*** Excerpted records ***
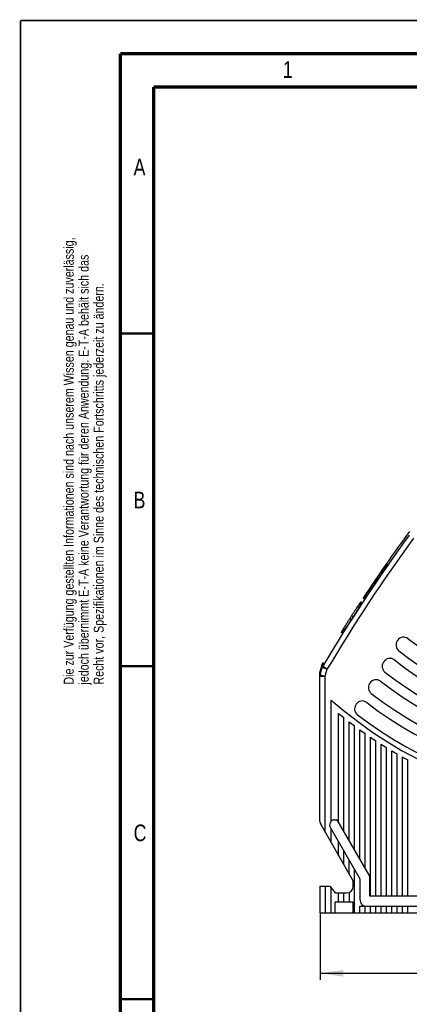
# Model space of a CAD drawing. Header units: millimetres. Extents: x 0 to 420, y 0 to 297.
# Tile 4 of 39: x 0 to 58, y 149 to 297. Entities that reach past the tile are written whole.
import ezdxf

# ---------------------------------------------------------------- set-up
doc = ezdxf.new("R2010")
doc.units = ezdxf.units.MM
doc.header["$LTSCALE"] = 23.1
doc.layers.get('0').update_dxf_attribs({"linetype": 'CONTINUOUS'})
for name, color, linetype in [('T-REX12D-TA2-1XX_DXF_DIMENSION', 7, 'CONTINUOUS'), ('T-REX12D-TA2-1XX_DXF_FORMAT', 7, 'CONTINUOUS'), ('T-REX12D-TA2DXF_CONTINUOUS_LINE', 7, 'CONTINUOUS')]:
    doc.layers.add(name, color=color, linetype=linetype)
doc.styles.get("Standard").update_dxf_attribs({"font": 'txt', "width": 0.8})
doc.dimstyles.new('DIMSTYLE_1', dxfattribs={"dimtxt": 2.5, "dimasz": 3.5, "dimexe": 1, "dimexo": 0, "dimtad": 1, "dimdec": 3, "dimdsep": 46, "dimtxsty": 'Standard', "dimblk": '_FILLED', "dimblk1": '_FILLED', "dimblk2": '_FILLED', "dimcen": 0.09, "dimclrt": 5, "dimadec": 0, "dimazin": 0, "dimtp": 0.3, "dimtm": 0.3, "dimtfac": 1, "dimtdec": 3, "dimtofl": 0, "dimtmove": 0, "dimatfit": 3, "dimldrblk": '_FILLED', "dimfxl": 1, "dimtolj": 1, "dimarcsym": 0})

# ---------------------------------------------------------------- blocks, each defined once
blk = doc.blocks.new('_FILLED')
at = {"color": 0, "linetype": 'ByBlock'}
blk.add_solid([(0, 0), (-1, 0.143), (-1, -0.143)], dxfattribs=at)
blk = doc.blocks.new('*D1')
at = {"layer": 'T-REX12D-TA2-1XX_DXF_DIMENSION', "color": 2, "linetype": 'Continuous'}
for p, q in [((125.02, 169.83), (125.02, 152.88)), ((45.02, 162.95), (45.02, 152.88)), ((45.02, 153.88), (85.02, 153.88)), ((125.02, 153.88), (85.02, 153.88))]:
    blk.add_line(p, q, dxfattribs=at)
at = {"layer": 'T-REX12D-TA2-1XX_DXF_DIMENSION', "color": 2, "linetype": 'Continuous', "xscale": 3.5, "yscale": 3.5, "zscale": 3.5, "rotation": 180}
blk.add_blockref('_FILLED', (45.02, 153.88), dxfattribs=at)
at = {"layer": 'T-REX12D-TA2-1XX_DXF_DIMENSION', "color": 2, "linetype": 'Continuous', "xscale": 3.5, "yscale": 3.5, "zscale": 3.5}
blk.add_blockref('_FILLED', (125.02, 153.88), dxfattribs=at)
at = {"layer": 'T-REX12D-TA2-1XX_DXF_DIMENSION', "color": 5, "linetype": 'Continuous', "insert": (85.02, 157), "char_height": 2.5, "width": 5.8929, "attachment_point": 2, "line_spacing_factor": 0.9}
blk.add_mtext('80', dxfattribs=at)

msp = doc.modelspace()

# ---------------------------------------------------------------- linework, layer by layer
at = {"layer": 'T-REX12D-TA2-1XX_DXF_FORMAT', "color": 9, "linetype": 'Continuous', "const_width": 0.25}
for points in [[(0, 0), (0, 297)], [(0, 297), (420, 297)]]:
    msp.add_lwpolyline(points, dxfattribs=at)
at = {"layer": 'T-REX12D-TA2-1XX_DXF_FORMAT', "color": 7, "linetype": 'Continuous'}
for points, const_width in [([(15, 292), (15, 8)], 0.5), ([(415, 292), (15, 292)], 0.5), ([(20, 287), (20, 13)], 0.5), ([(410, 287), (20, 287)], 0.5), ([(15, 250), (20, 250)], 0.35), ([(15, 200), (20, 200)], 0.35), ([(15, 150), (20, 150)], 0.35)]:
    msp.add_lwpolyline(points, dxfattribs=dict(at, const_width=const_width))
at = {"layer": 'T-REX12D-TA2DXF_CONTINUOUS_LINE', "color": 7, "linetype": 'Continuous'}
for p, q in [((53.6324, 213.4068), (53.651, 213.3911)), ((53.7374, 213.3186), (53.7966, 213.269)), ((53.3839, 212.9625), (53.4271, 212.9263)), ((53.4271, 212.9263), (53.5137, 212.8536)), ((51.6661, 210.0961), (51.5016, 210.2341)), ((56.6774, 203.8828), (56.6226, 203.7985)), ((45.3408, 200.3734), (45.0461, 199.3026)), ((54.5992, 200.6827), (54.5445, 200.5985)), ((45.0174, 176.6629), (45.0174, 199.0903)), ((52.5222, 197.4844), (52.4675, 197.4002)), ((46.7174, 176.7279), (46.7174, 194.9203)), ((50.4461, 194.2874), (50.3914, 194.2033)), ((47.8174, 176.5987), (47.8174, 192.9325)), ((48.6174, 175.2131), (48.6174, 192.2841)), ((49.4174, 173.8275), (49.4174, 191.6564)), ((50.2174, 172.4418), (50.2174, 191.0486)), ((51.0174, 171.0562), (51.0174, 190.46)), ((51.8174, 169.6705), (51.8174, 189.89)), ((52.6174, 165.4485), (52.6174, 189.338)), ((53.4174, 165.4485), (53.4174, 188.8035)), ((54.2174, 165.4485), (54.2174, 188.2859)), ((55.0174, 165.4485), (55.0174, 187.7847)), ((55.8174, 165.4485), (55.8174, 187.2996)), ((56.6174, 165.4485), (56.6174, 186.83)), ((57.4174, 165.4485), (57.4174, 186.3757)), ((58.2174, 165.4485), (58.2174, 185.9362)), ((50.0174, 167.7882), (45.1246, 176.2629)), ((47.2691, 176.9485), (47.6155, 176.9485)), ((52.5174, 168.4581), (47.6155, 176.9485)), ((46.5763, 175.7485), (51.0174, 168.0562)), ((46.7174, 173.504), (46.7174, 175.504)), ((47.8174, 171.5987), (47.8174, 173.5987)), ((48.6174, 170.2131), (48.6174, 172.2131)), ((49.4174, 168.8275), (49.4174, 170.8275)), ((50.2174, 162.9485), (50.2174, 169.4418)), ((50.0174, 166.9485), (50.0174, 167.7882)), ((51.0174, 168.0562), (51.0174, 164.9485)), ((52.5174, 165.4485), (52.5174, 168.4581)), ((45.0174, 166.9485), (45.0174, 162.9485)), ((45.0174, 166.9485), (46.5174, 166.9485)), ((46.5174, 166.9485), (47.3174, 165.9485)), ((46.7174, 162.9485), (46.7174, 166.6985)), ((47.3174, 165.9485), (49.0174, 165.9485)), ((47.8174, 164.5485), (47.8174, 165.9485)), ((48.6174, 164.5485), (48.6174, 165.9485)), ((49.4174, 166.032), (49.4174, 164.5485)), ((47.3174, 162.9485), (47.3174, 164.5485)), ((50.0174, 164.5485), (47.3174, 164.5485)), ((50.0174, 162.9485), (50.0174, 164.5485)), ((64.1027, 165.4485), (52.5174, 165.4485)), ((45.0174, 162.9485), (66.1234, 162.9485)), ((51.0174, 162.9485), (51.0174, 163.9485)), ((51.0174, 163.9485), (51.8174, 163.9485)), ((51.8174, 162.9485), (51.8174, 163.9485)), ((52.0174, 163.9485), (64.7378, 163.9485)), ((52.6174, 162.9485), (52.6174, 163.9485)), ((53.4174, 162.9485), (53.4174, 163.9485)), ((54.2174, 162.9485), (54.2174, 163.9485)), ((55.0174, 162.9485), (55.0174, 163.9485)), ((55.8174, 162.9485), (55.8174, 163.9485)), ((56.6174, 162.9485), (56.6174, 163.9485)), ((57.4174, 162.9485), (57.4174, 163.9485)), ((58.2174, 162.9485), (58.2174, 163.9485))]:
    msp.add_line(p, q, dxfattribs=at)
at = {"layer": 'T-REX12D-TA2DXF_CONTINUOUS_LINE', "color": 9, "linetype": 'Continuous'}
for p, q in [((49.5195, 207.1979), (49.7364, 207.0158)), ((49.7916, 207.6223), (50.0084, 207.4403)), ((45.047, 198.7046), (45.3502, 199.815)), ((45.3408, 200.3734), (45.3502, 199.815)), ((45.3502, 199.815), (46.1206, 199.6047)), ((45.425, 200.5707), (45.4368, 200.0106)), ((45.4368, 200.0106), (46.1206, 199.6047)), ((45.0174, 198.4942), (45.8174, 198.4942)), ((45.047, 198.7046), (45.0461, 199.3026)), ((45.047, 198.7046), (45.8174, 198.4942)), ((45.8174, 198.4942), (46.1206, 199.6047)), ((45.8174, 175.0629), (45.8174, 198.4942)), ((45.8174, 166.9485), (45.8174, 162.9485))]:
    msp.add_line(p, q, dxfattribs=at)
for centre, radius, start, end in [((258.1381, 73.7595), 247.3483, 143.835974, 149.308304), ((258.1381, 73.7595), 246.553, 143.835974, 149.308304), ((46.0963, 199.6016), 0.7761, 148.19672, 164.041939), ((45.7809, 198.494), 0.7634, 163.991726, 179.989947)]:
    msp.add_arc(centre, radius, start, end, dxfattribs=at)
at = {"layer": 'T-REX12D-TA2DXF_CONTINUOUS_LINE', "color": 7, "linetype": 'Continuous'}
for centre, radius, start, end in [((258.1381, 73.7595), 247.6448, 143.73795, 146.556943), ((258.1381, 73.7595), 247.6367, 145.67269, 146.556937), ((258.1381, 73.7595), 247.4234, 145.677596, 146.562614), ((89.3496, 190.8438), 42.2228, 147.723398, 148.408675), ((86.063, 187.4394), 41.4087, 141.320028, 142.012157), ((258.1381, 73.7595), 247.6439, 147.279237, 147.395874), ((258.1381, 73.7595), 247.3631, 147.287545, 147.404317), ((57.5999, 203.2837), 1.1, 51.618114, 147), ((89.0174, 242.9485), 49.5, 231.618114, 302.651356), ((57.5452, 203.1994), 1.1, 147, 231.62876), ((55.5217, 200.0836), 1.1, 51.99505, 147), ((89.0174, 242.9485), 51.8, 231.62876, 302.57897), ((46.1121, 200.1611), 0.8, 149.198264, 164.611661), ((55.4671, 199.9994), 1.1, 147, 232.004257), ((89.0174, 242.9485), 53.3, 231.99505, 300.121691), ((45.8174, 199.0903), 0.8, 164.611661, 180), ((89.0174, 242.9485), 55.6, 232.004257, 300.060715), ((53.3901, 196.8011), 1.1, 147, 232.330628), ((53.4447, 196.8853), 1.1, 52.322587, 147), ((89.0174, 242.9485), 57.1, 232.322587, 297.974086), ((89.0174, 242.9485), 59.4, 232.330628, 297.9219), ((89.0174, 242.9485), 64, 228.628589, 302.407513), ((51.314, 193.6042), 1.1, 147, 232.616931), ((51.3686, 193.6883), 1.1, 52.609848, 147), ((89.0174, 242.9485), 60.9, 232.609848, 296.124465), ((89.0174, 242.9485), 64.8, 230.520472, 231.430991), ((89.0174, 242.9485), 63.2, 232.616931, 296.079225), ((89.0174, 242.9485), 64.8, 232.330113, 233.218471), ((89.0174, 242.9485), 64.8, 234.096647, 234.965185), ((89.0174, 242.9485), 64.8, 235.824588, 236.675325), ((89.0174, 242.9485), 64.8, 237.517836, 238.352532), ((89.0174, 242.9485), 64.8, 239.179799, 240), ((89.0174, 242.9485), 64.8, 240.813477, 241.620552), ((45.8174, 176.6629), 0.8, 180, 210), ((47.2691, 176.1485), 0.8, 90, 210), ((49.0174, 166.9485), 1, 270, 360), ((52.0174, 164.9485), 1, 180, 270)]:
    msp.add_arc(centre, radius, start, end, dxfattribs=at)
for points, knots in [([(53.7716, 213.4858), (53.7707, 213.4865), (53.7695, 213.4896), (53.7699, 213.4952), (53.7716, 213.5029), (53.775, 213.5128), (53.7799, 213.5249), (53.7893, 213.5454), (53.8051, 213.5762), (53.8289, 213.619), (53.8585, 213.6697), (53.8936, 213.7275), (53.9339, 213.7922), (53.9789, 213.863), (54.0468, 213.9679), (54.1399, 214.1089), (54.2593, 214.286), (54.3849, 214.4693), (54.5118, 214.6516), (54.6352, 214.8262), (54.7506, 214.9861), (54.84, 215.1069), (54.9045, 215.1915), (54.946, 215.2445), (54.9826, 215.2897), (55.01, 215.3221), (55.0293, 215.3436), (55.0415, 215.3566), (55.0523, 215.3673), (55.0614, 215.3757), (55.0694, 215.382), (55.076, 215.3864), (55.0823, 215.3884), (55.0843, 215.3867)], [0, 0, 0, 0, 0.00153751, 0.00387655, 0.00725345, 0.01173635, 0.01734591, 0.02408345, 0.04090463, 0.06207509, 0.08740646, 0.11666354, 0.14957088, 0.18581722, 0.22505939, 0.31102033, 0.40420885, 0.50110522, 0.59803857, 0.6913144, 0.7773471, 0.85279883, 0.8856176, 0.91472583, 0.93984167, 0.96072756, 0.96952434, 0.9771991, 0.98373913, 0.98913914, 0.99340407, 0.99656197, 1, 1, 1, 1]), ([(55.0843, 215.3867), (55.0852, 215.3859), (55.0864, 215.3828), (55.0861, 215.3771), (55.0846, 215.3692), (55.0815, 215.3591), (55.0769, 215.3468), (55.0681, 215.3258), (55.0532, 215.2942), (55.0307, 215.2504), (55.0025, 215.1987), (54.969, 215.1396), (54.9304, 215.0738), (54.887, 215.0018), (54.8214, 214.8954), (54.7307, 214.7527), (54.6131, 214.5742), (54.4882, 214.3904), (54.3607, 214.2084), (54.2353, 214.0351), (54.1172, 213.8771), (54.0249, 213.7583), (53.9582, 213.6755), (53.9151, 213.6237), (53.8771, 213.5796), (53.8485, 213.5482), (53.8285, 213.5273), (53.8158, 213.5147), (53.8046, 213.5043), (53.7951, 213.4962), (53.7868, 213.4901), (53.78, 213.4859), (53.7736, 213.484), (53.7716, 213.4858)], [0, 0, 0, 0, 0.0015552, 0.00393407, 0.00735932, 0.01189442, 0.0175578, 0.02434927, 0.04127387, 0.06253528, 0.08793888, 0.11724527, 0.15017713, 0.18642364, 0.22564417, 0.31151363, 0.40458211, 0.5013645, 0.59820373, 0.69139806, 0.77734736, 0.8527105, 0.88548832, 0.91456311, 0.93965802, 0.96054049, 0.96934349, 0.97703029, 0.98358838, 0.9890125, 0.99330732, 0.99649978, 1, 1, 1, 1]), ([(49.7916, 207.6223), (49.8797, 207.7595), (50.0532, 208.0286), (50.3066, 208.4185), (50.5423, 208.7771), (50.7245, 209.0491), (50.8557, 209.24), (50.9403, 209.3601), (51.0049, 209.449), (51.0516, 209.511), (51.0822, 209.5505), (51.1101, 209.5851), (51.135, 209.6147), (51.157, 209.6392), (51.1761, 209.6586), (51.192, 209.6728), (51.2038, 209.6812), (51.2117, 209.6849), (51.2164, 209.6861), (51.2205, 209.686), (51.2227, 209.6849), (51.2236, 209.6841)], [0, 0, 0, 0, 0.1941407, 0.38098173, 0.55341944, 0.7047806, 0.77065507, 0.82909119, 0.87950418, 0.90154329, 0.92139842, 0.93902399, 0.95438351, 0.96745054, 0.97821281, 0.98668145, 0.99291422, 0.99524703, 0.99712001, 0.99863998, 1, 1, 1, 1]), ([(51.2236, 209.6841), (51.2257, 209.6824), (51.2275, 209.6778), (51.2282, 209.671), (51.228, 209.6608), (51.2254, 209.6448), (51.2196, 209.6219), (51.2106, 209.5938), (51.1987, 209.5607), (51.1837, 209.5227), (51.1582, 209.4621), (51.1187, 209.3749), (51.0622, 209.2576), (50.9947, 209.1237), (50.9167, 208.9748), (50.8289, 208.8122), (50.6956, 208.5723), (50.5103, 208.2513), (50.2685, 207.8508), (50.0971, 207.5783), (50.0084, 207.4403)], [0, 0, 0, 0, 0.00315571, 0.00534666, 0.00803696, 0.01502666, 0.02424987, 0.03573501, 0.04947728, 0.06545403, 0.08363098, 0.12640783, 0.17739203, 0.23608141, 0.30190464, 0.37423108, 0.45237804, 0.62317455, 0.80799318, 1, 1, 1, 1]), ([(48.231, 205.0155), (48.229, 205.0172), (48.2272, 205.0217), (48.2268, 205.0282), (48.2275, 205.038), (48.2309, 205.0532), (48.238, 205.0751), (48.2484, 205.1017), (48.2622, 205.1331), (48.2794, 205.1692), (48.3083, 205.2269), (48.3527, 205.3098), (48.4157, 205.4217), (48.4902, 205.5499), (48.5756, 205.693), (48.6708, 205.8498), (48.814, 206.0824), (49.0096, 206.3954), (49.2588, 206.7894), (49.4314, 207.0601), (49.5195, 207.1979)], [0, 0, 0, 0, 0.00309005, 0.00520721, 0.00780841, 0.01459162, 0.02358674, 0.03483274, 0.04833234, 0.06406919, 0.08201471, 0.1243747, 0.17503186, 0.23350972, 0.29925115, 0.37162768, 0.4499476, 0.62138316, 0.80706599, 1, 1, 1, 1]), ([(49.7364, 207.0158), (49.6486, 206.8786), (49.4739, 206.6108), (49.2129, 206.2267), (48.9652, 205.8774), (48.7705, 205.6152), (48.6291, 205.4328), (48.5376, 205.3188), (48.4674, 205.2346), (48.4166, 205.1763), (48.3833, 205.1392), (48.353, 205.1068), (48.3259, 205.0792), (48.3021, 205.0563), (48.2815, 205.0383), (48.2663, 205.0267), (48.2555, 205.0199), (48.246, 205.0149), (48.2355, 205.0117), (48.231, 205.0155)], [0, 0, 0, 0, 0.19429177, 0.38124037, 0.55365605, 0.70482866, 0.77056902, 0.82887206, 0.87918145, 0.90118941, 0.92103199, 0.93866693, 0.95406052, 0.96718865, 0.97804037, 0.98662688, 0.99008671, 0.99300829, 1, 1, 1, 1])]:
    msp.add_open_spline(points, degree=3, knots=knots, dxfattribs=at)

# ---------------------------------------------------------------- texts
at = {"layer": 'T-REX12D-TA2-1XX_DXF_FORMAT', "color": 5, "linetype": 'Continuous', "char_height": 2.5, "attachment_point": 1, "line_spacing_factor": 0.9}
for s, insert, width in [('1', (39.4276, 290.8879), 2.142857), ('A', (17, 276.2288), 3.214286), ('B', (17, 226.2288), 2.946429), ('C', (17, 176.2288), 3.125)]:
    msp.add_mtext(s, dxfattribs=dict(at, insert=insert, width=width))
at = {"layer": 'T-REX12D-TA2-1XX_DXF_FORMAT', "color": 9, "linetype": 'Continuous', "insert": (6.5, 197.25), "char_height": 1.5, "width": 142.875, "attachment_point": 1, "rotation": 90, "line_spacing_factor": 0.9}
msp.add_mtext('Die zur Verfügung gestellten Informationen sind nach unserem Wissen genau und zuverlässig,\\Pjedoch übernimmt E-T-A keine Verantwortung für deren Anwendung. E-T-A behält sich das\\PRecht vor, Spezifikationen im Sinne des technischen Fortschritts jederzeit zu ändern.', dxfattribs=at)

# ---------------------------------------------------------------- dimensions: what is measured, and where the dimension line sits
at = {"layer": 'T-REX12D-TA2-1XX_DXF_DIMENSION', "color": 2, "linetype": 'Continuous'}
dim = msp.add_linear_dim(base=(125.0174, 153.8791), p1=(45.0174, 162.9485), p2=(125.0174, 169.8314), dimstyle='DIMSTYLE_1', dxfattribs=at)
dim.commit()
dim.dimension.update_dxf_attribs({"geometry": '*D1', "text_midpoint": (84.6603, 153.8791), "dimtype": 160})

doc.saveas('drawing.dxf')
*** End of Excerpted records ***
Description of the task
Search the entries for the string "layers" and copy each line where it occurs.

Response box
doc.layers.get('0').update_dxf_attribs({"linetype": 'CONTINUOUS'})
    doc.layers.add(name, color=color, linetype=linetype)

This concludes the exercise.